The variable pleomorphism is very subjective, and melanoma cells from malignant tumors are pleomorphic in general, particularly in some areas of the tumor. This feature can be problematic as it can be difficult to stablish due to its subjectivity.
Regarding assessment of necrosis, in Urso et al. study,13 interobserver concordance was stablished for 55 cases of melanoma and necrosis was found in one case only. Therefore, since it is a less prevalent feature, it can be a finding only made in a small area and go unnoticed.
Finally, there is a really important fact we should mention which is subjectivity, as it has been confirmed that even in some observations there is intraobserver discordance.
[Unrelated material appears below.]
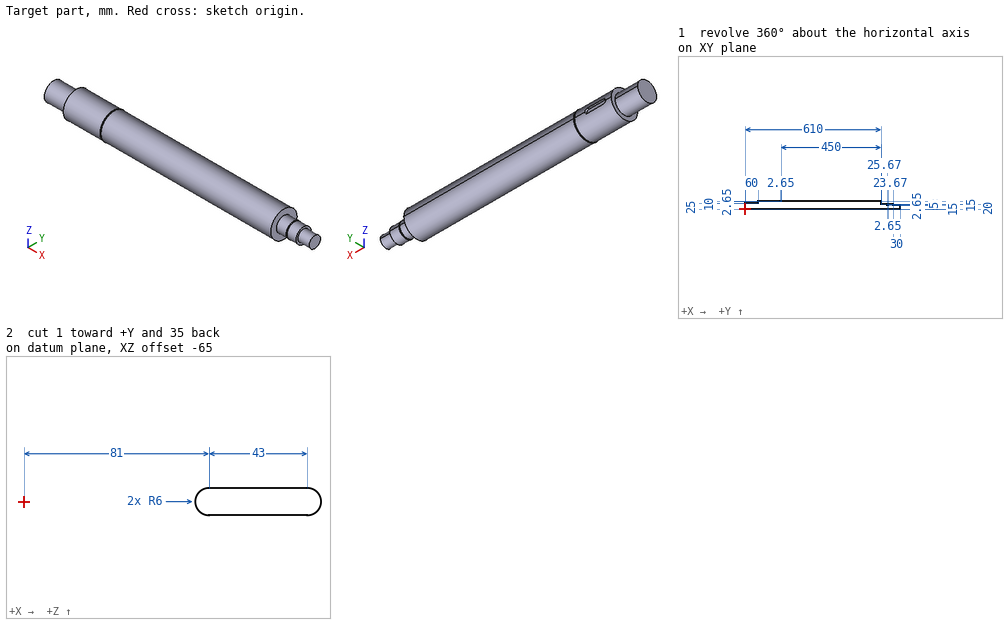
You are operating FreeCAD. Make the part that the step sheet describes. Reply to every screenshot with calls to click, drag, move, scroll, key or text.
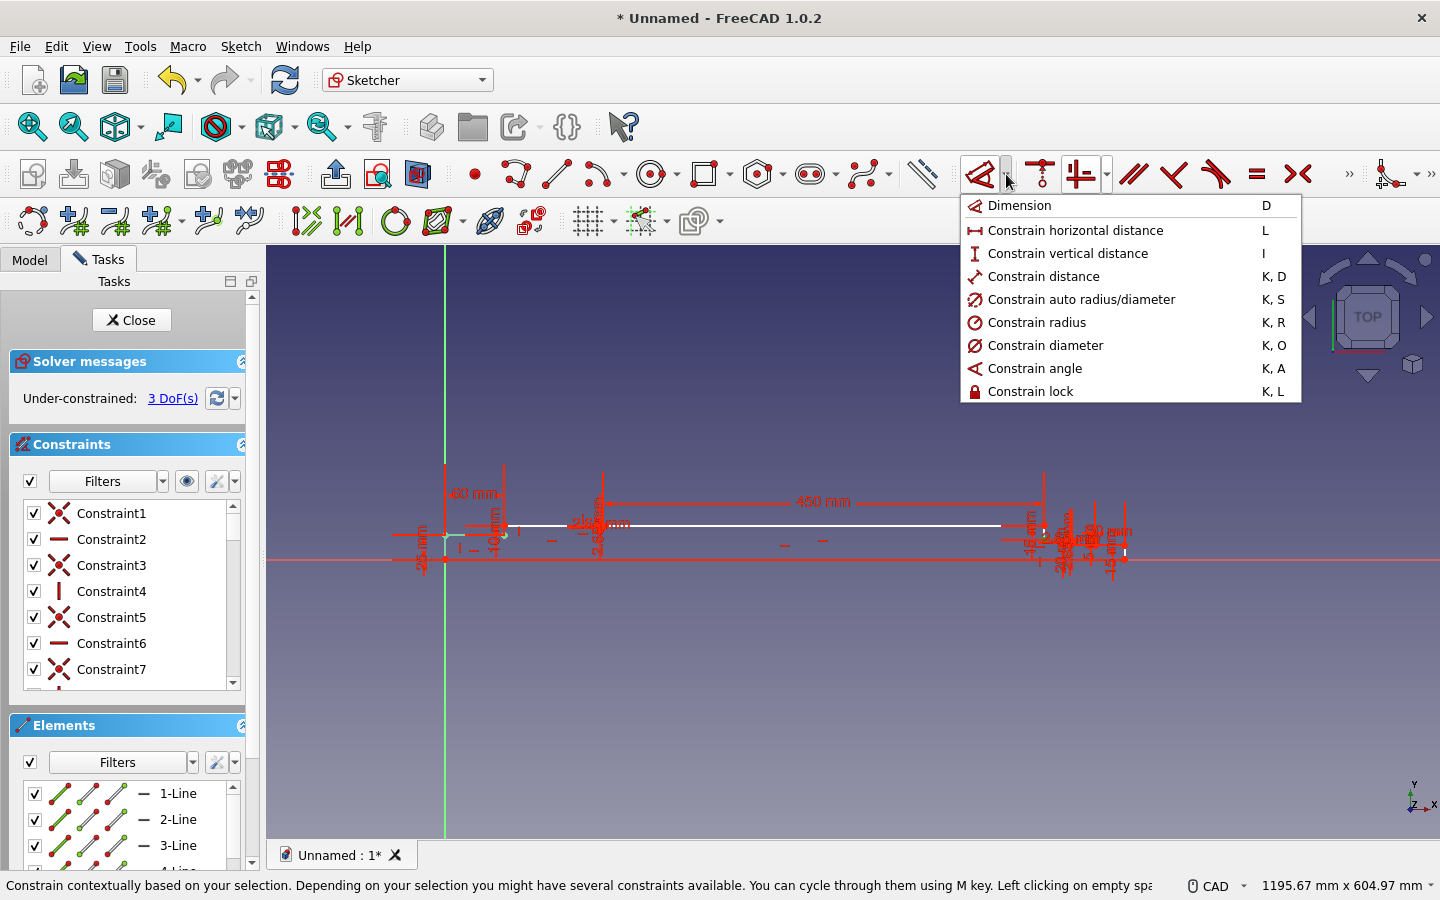
click(1131, 230)

Consistent with this, Elmore et al. showed intraobserver discordance (and logically lower interobserver discordance) for categorizing atypia in melanocytic lesions, especially when categorizing those with values different than the extreme values.8
We propose that, if possible, variables should be redefined and regrouped with fewer categories. For example, pagetoid spread could be categorized into two rather than four groups considering 0: absence or minor pagetoid spread (<25% of the cells) and 1: overt pagetoid spread (>25% of the cells). Similarly, nest formation could be redefined as having two categories only; 0: non or minimal nest formation (<25% of cells in intraepidermal nests) vs 1: marked nest formation (>25% of cells in of intraepidermal nests). Shape of cells, epidermal contour and pigmentation could be also simplified in fewer categories.
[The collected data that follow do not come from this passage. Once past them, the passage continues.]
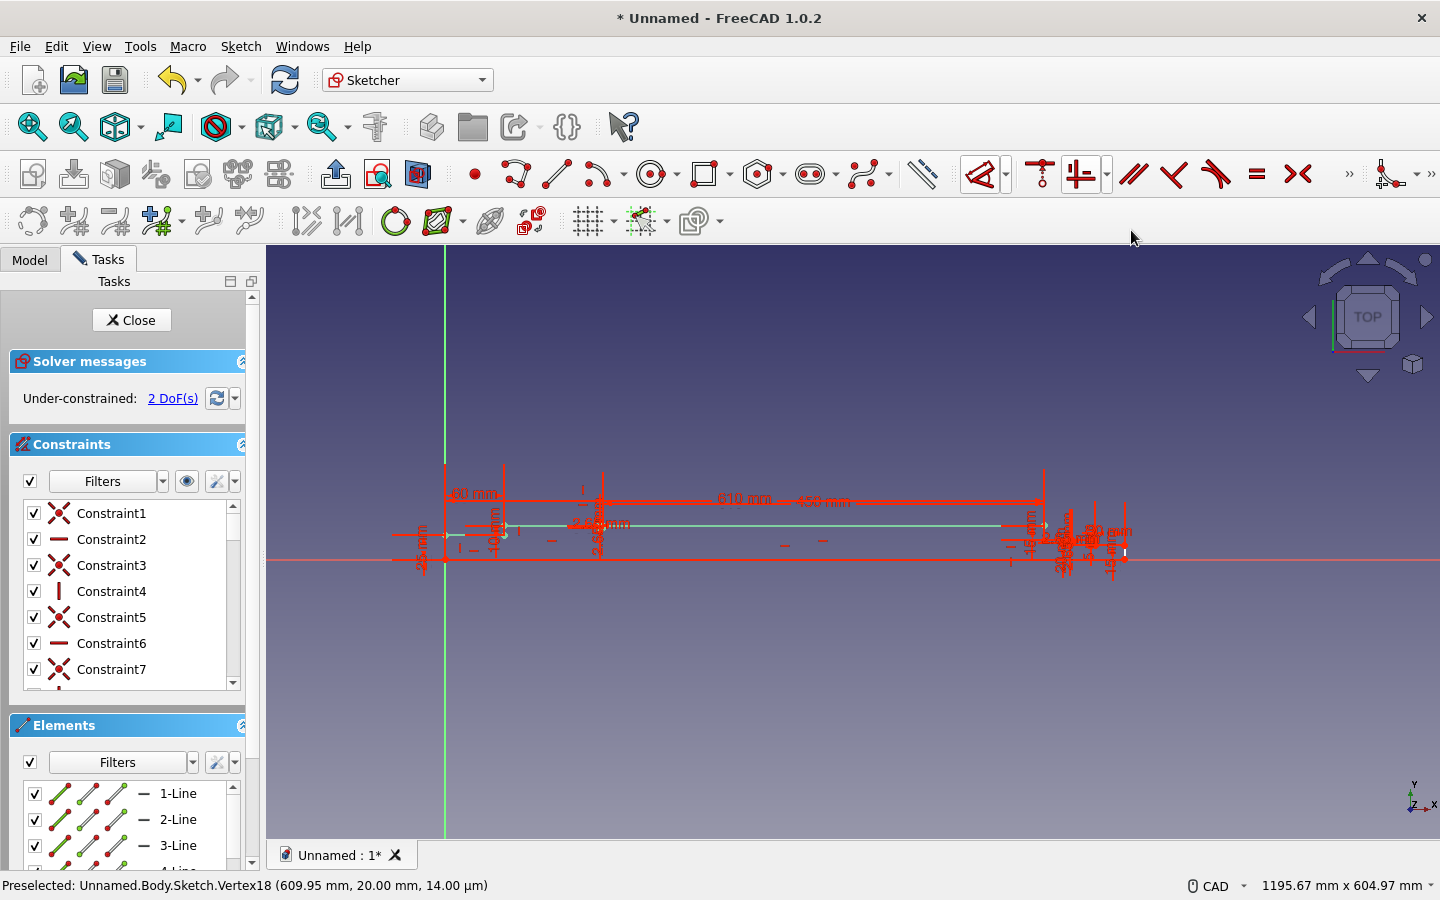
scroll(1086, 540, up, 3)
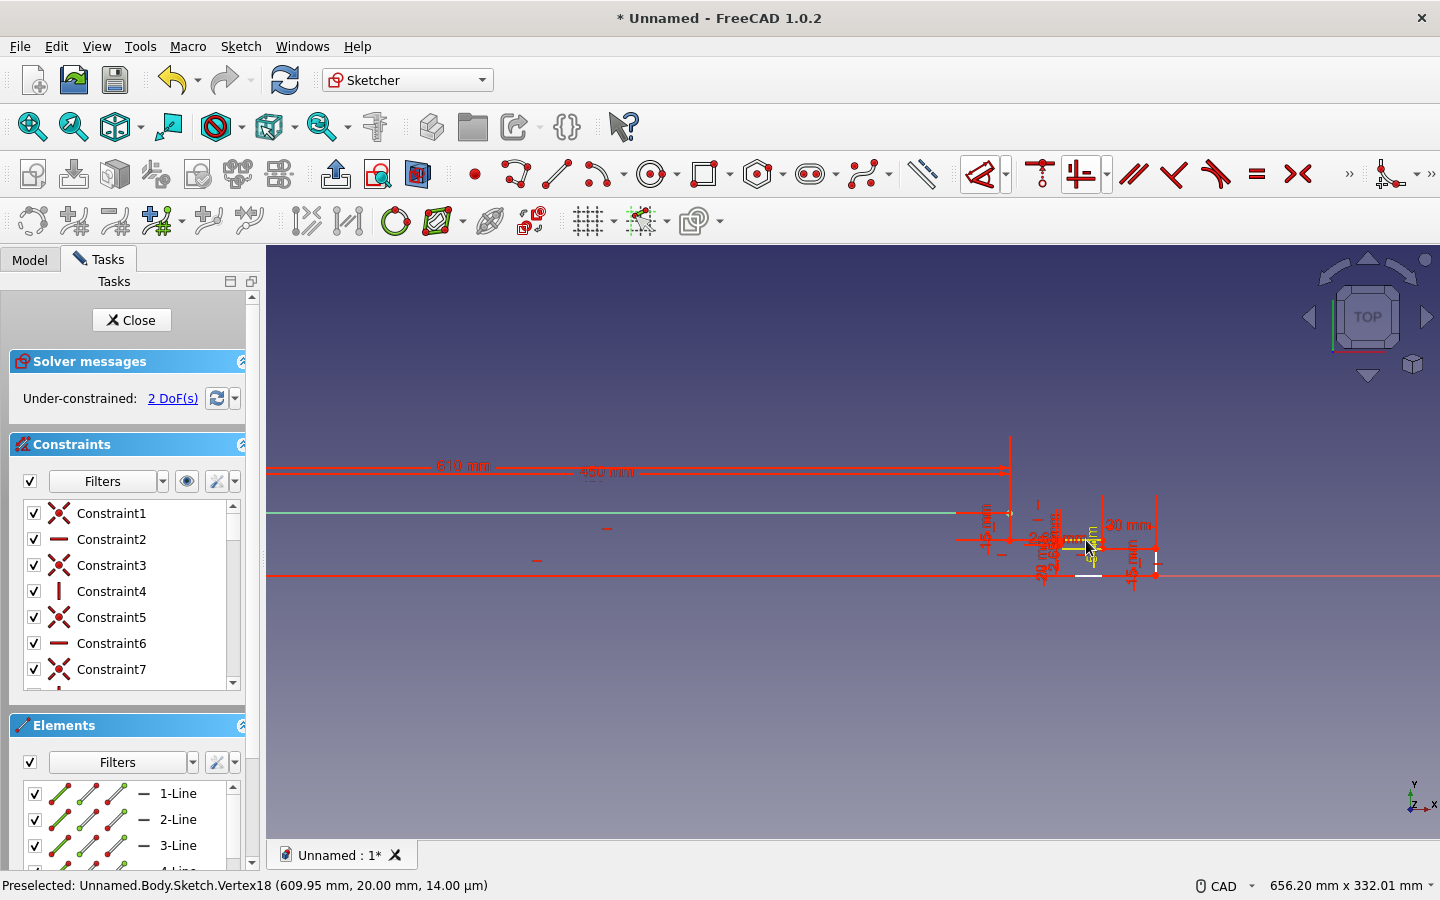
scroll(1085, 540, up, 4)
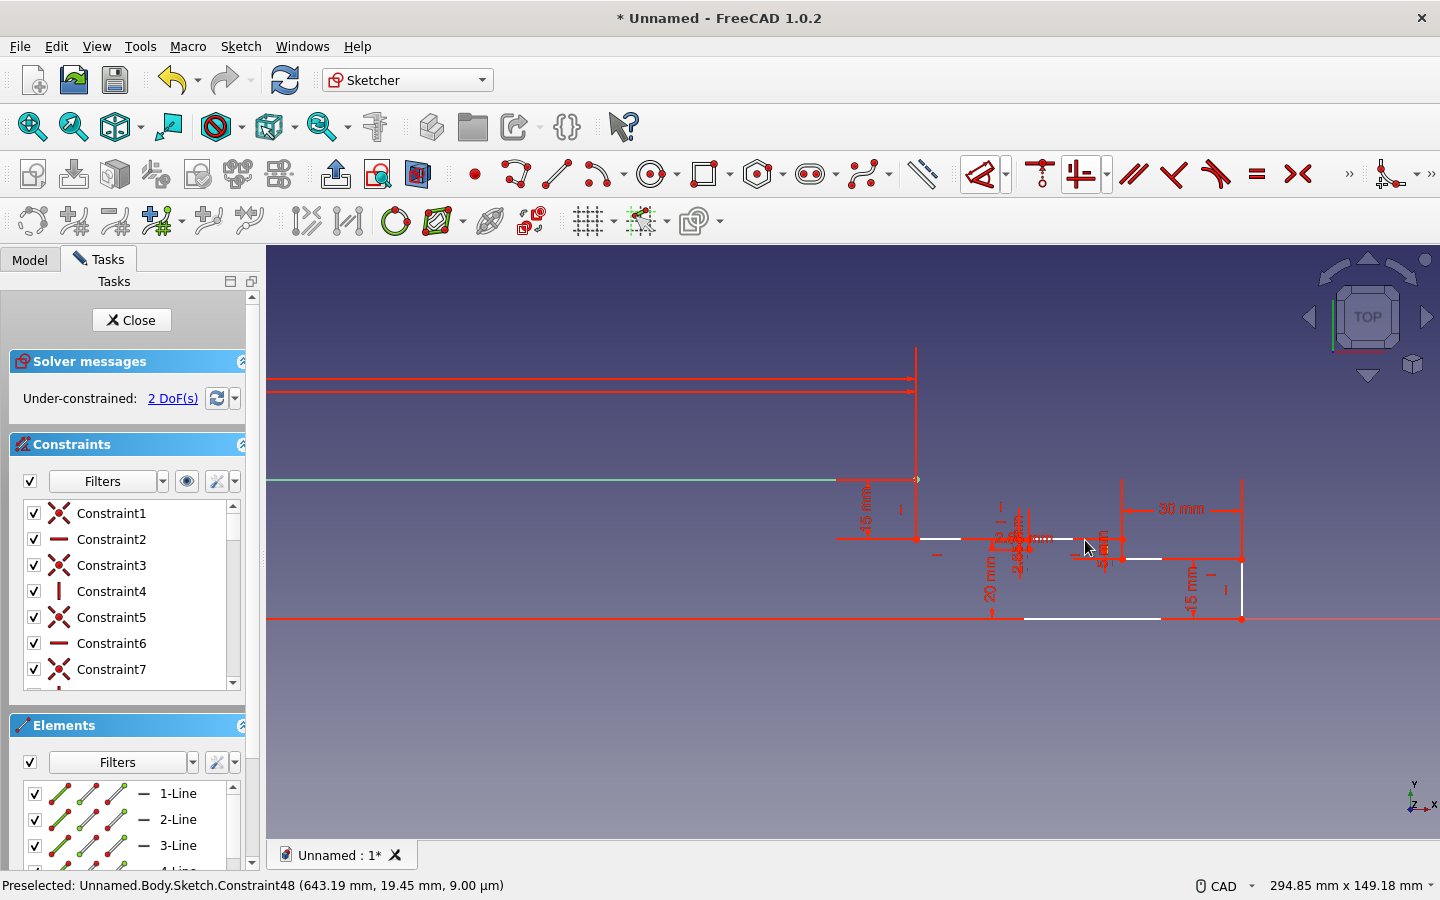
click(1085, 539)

On the contrary, there are some variables with low concordance that cannot be adjusted, such as lateral circumscription. Therefore, we will probably not use this variable for this definition in the future.
Any adjustment of the categories of the variable like their regrouping, if possible, should be tested for reproducibility again.
In our experience, after regrouping and studying interobserver concordance of pagetoid spread and nest formation only in pagetoid spread improved. It is an example that the regrouping of categories of variables can sometimes improve their reproducibility or, at least, maintain it, while making sure its relevance remains untouched.
Perhaps it is still early, but new technologies and A.I. could be a before and after in the histological categorization of melanocytic lesions. For this purpose, it is necessary to generate useful algorithms that should be trained until their diagnostic sensitivity approaches that of an experienced pathologist.24
As a matter of fact, a three-dimensional histology computer model of malignant melanoma has been tested with promising results. It evaluated different tissue levels while avoiding the problem of some features being present in a limited subset of slides. Although these are promising technologies in the field of histopathology diagnosis there are still some limitations that should be addressed.25
In conclusion, our study showed median moderate reproducibility of several histopathological features of melanoma, meaning that, if possible, some variables should be redefined and evaluated for interobserver agreement for future research.
Conflict of interestThe authors declare that they have no conflict of interest.